# All Of My Bettas



## hannah16 (Mar 3, 2011)

I thought this would be a fun thread to post in order to show off all my babies! Only one of them I do not have a photo of because she simply will not stay still nor will her color show up. I'll try to pick the best photo though she'll probably show up as a little flash with eyes.

First was Dei Vallie, came from breeder Polukoff. 
He is a Cambodian Marble HM Male.









Second is Pinkster, he is a Walmart betta.
He is a Pink/Purple/Red/Small bit of white VT Male.









Third is Rheya, she is a Petco Rescue and is up for adoption.
She is a Cambodian CT Female.









Fourth is Ms Blue, she is a Petco Rescue and is also up for adoption.
She is a Royal Blue CT Female.









Fifth is Stardust, he is a Walmart betta.
He is a Yellow/Green Metallic? With Marbling? CT Male (Unsure of color)









Sixth is Koi, he is a Petsmart betta.
He is a White Metallic with green Irid ? HM Male (Also Unsure of color)









Seventh is Zippy, he is a Petsmart betta.
He is a Green Metallic with Red fins HM Male









Eighth is Princey, he is a surprise from Alex, he came from Petco.
He is a Multi-Color, Purple, Blue, Green and White EE PK? Male









Ninth is Zeke, he came from breeder Polu.
He is a Blue/White Marble HMPK? Or PK? Can't remember. 

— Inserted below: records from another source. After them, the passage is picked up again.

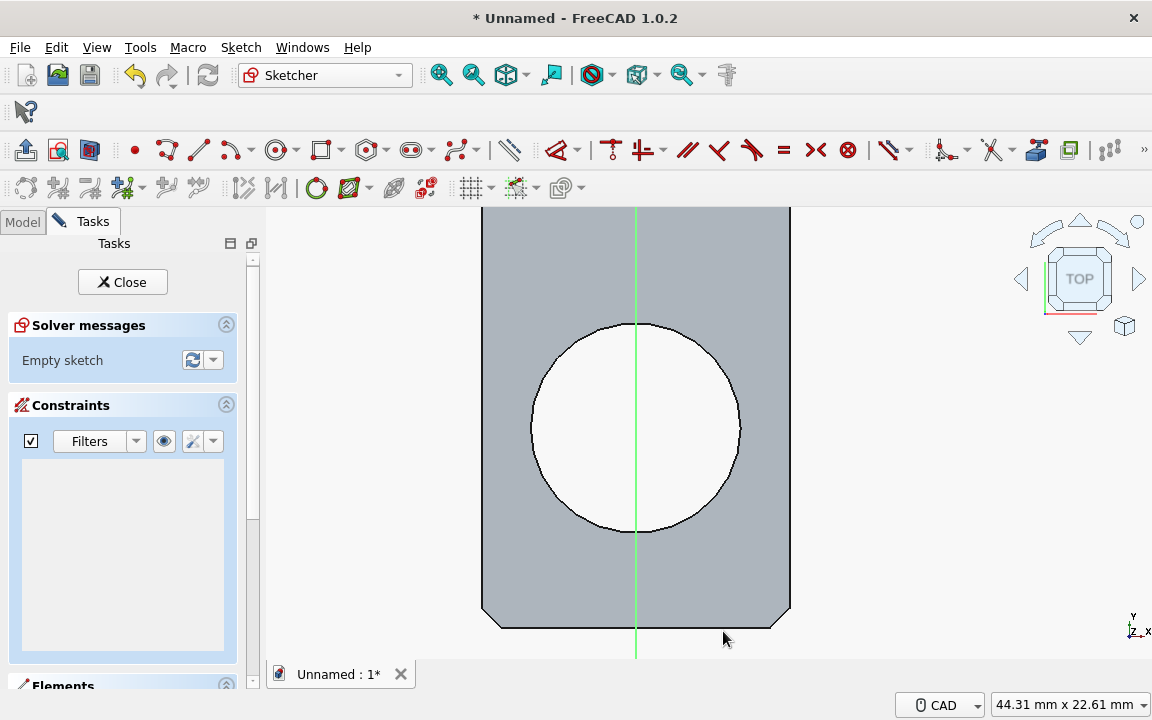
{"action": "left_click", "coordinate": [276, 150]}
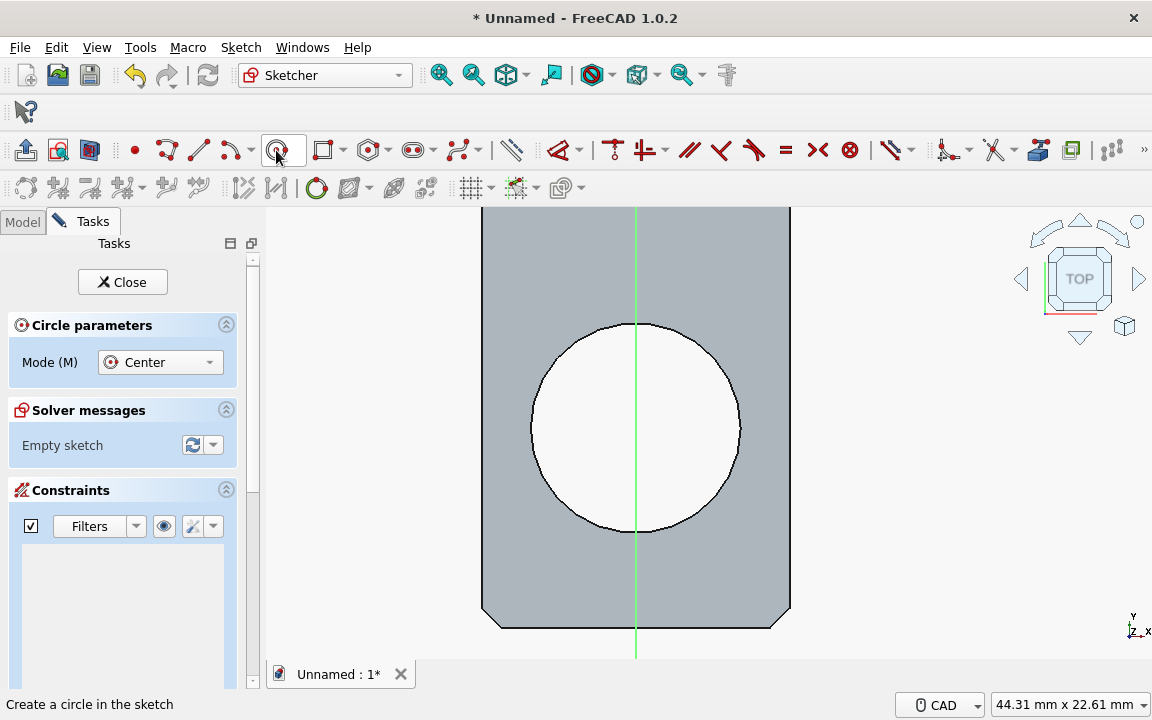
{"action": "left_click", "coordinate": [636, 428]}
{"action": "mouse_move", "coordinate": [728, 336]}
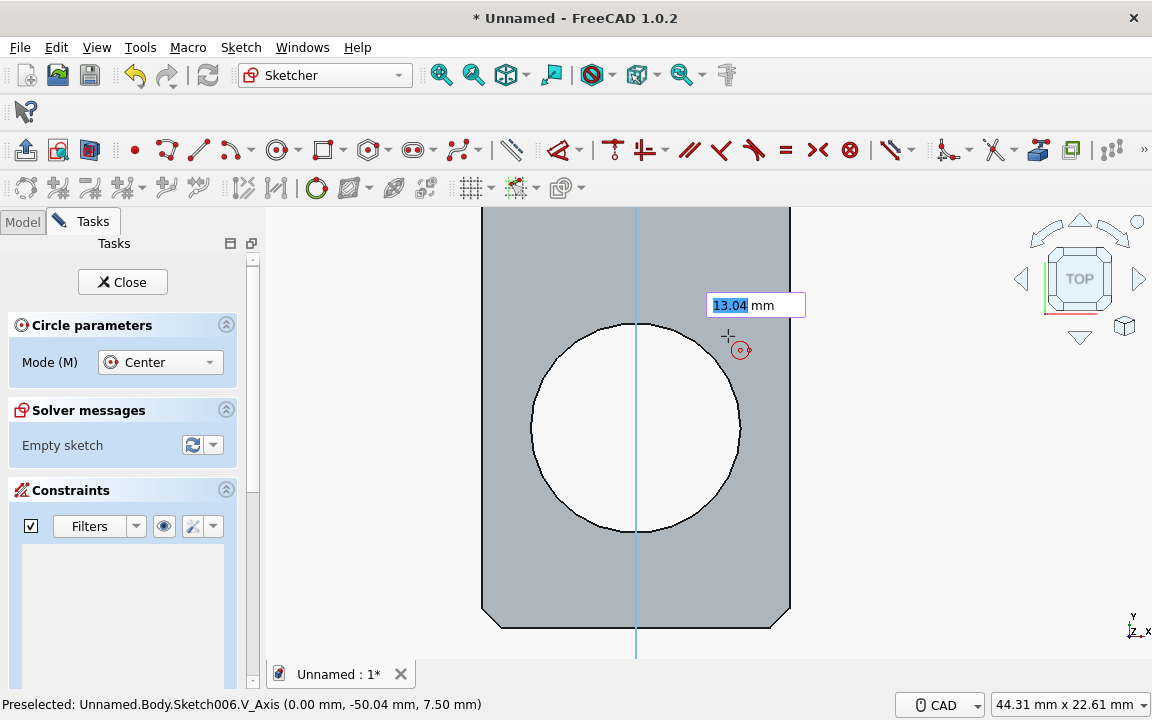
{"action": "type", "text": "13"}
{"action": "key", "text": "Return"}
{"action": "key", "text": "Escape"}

Tenth is Toothless, he came from breeder Polu.
He is a Black Orchid HM.
* This may not be him in the picture but a sibling.. Though I believe it's him.









Eleventh is Celestial. She is a Walmart Rescue.
Pink shimmer body with pink tail and fins, green at tip of tail. VT Female.

Twelfth is Unnamed. From Petco.
White EE, * Up for adoption! * 









Thirteenth is Unnamed, from Petco.
Unsure of color Double Tail Male









My two CT girls are $3.00 each and my White EE boy I will be asking a fee to ensure a good home. He waited a long time for one. Make an offer on his fee, I'll accept just about anything to get him to a good home. He's happy and healthy for sitting on a shelf for since October.


ALSO: Please excuse my DT's dirty water. Took this picture right after I got home. Secondly, FULL CREDIT to Polu for the photos he took of the three bettas I got from him. =]


----------



## Bsalem05 (Oct 30, 2012)

love the white one!..


----------



## MoonShadow (Feb 29, 2012)

I absolutely ADORE stardust!!


----------



## hannah16 (Mar 3, 2011)

Bsalem05 said:


> love the white one!..


Thanks. I have him up for adoption at $12. If you know anyone or yourself want him, let me know.


----------



## hannah16 (Mar 3, 2011)

MoonShadow said:


> I absolutely ADORE stardust!!


Thank you! He sat on a shelf in Walmart for over a month. The second time I found him in dirty water I bought him. He's so pretty.


----------



## callistra (Jun 29, 2010)

Love your little white one! Good luck finding a home


----------



## hannah16 (Mar 3, 2011)

Thank you :3. I know he'll find a nice home with someone from here.


----------



## a123andpoof (Apr 10, 2010)

I love your marbles!


----------



## hannah16 (Mar 3, 2011)

Thank you very much! I love marbles too!


----------



## bryzy (Nov 3, 2012)

I absolutely love your fish!


----------



## hannah16 (Mar 3, 2011)

Thank you ^_^ I love them too lol.


----------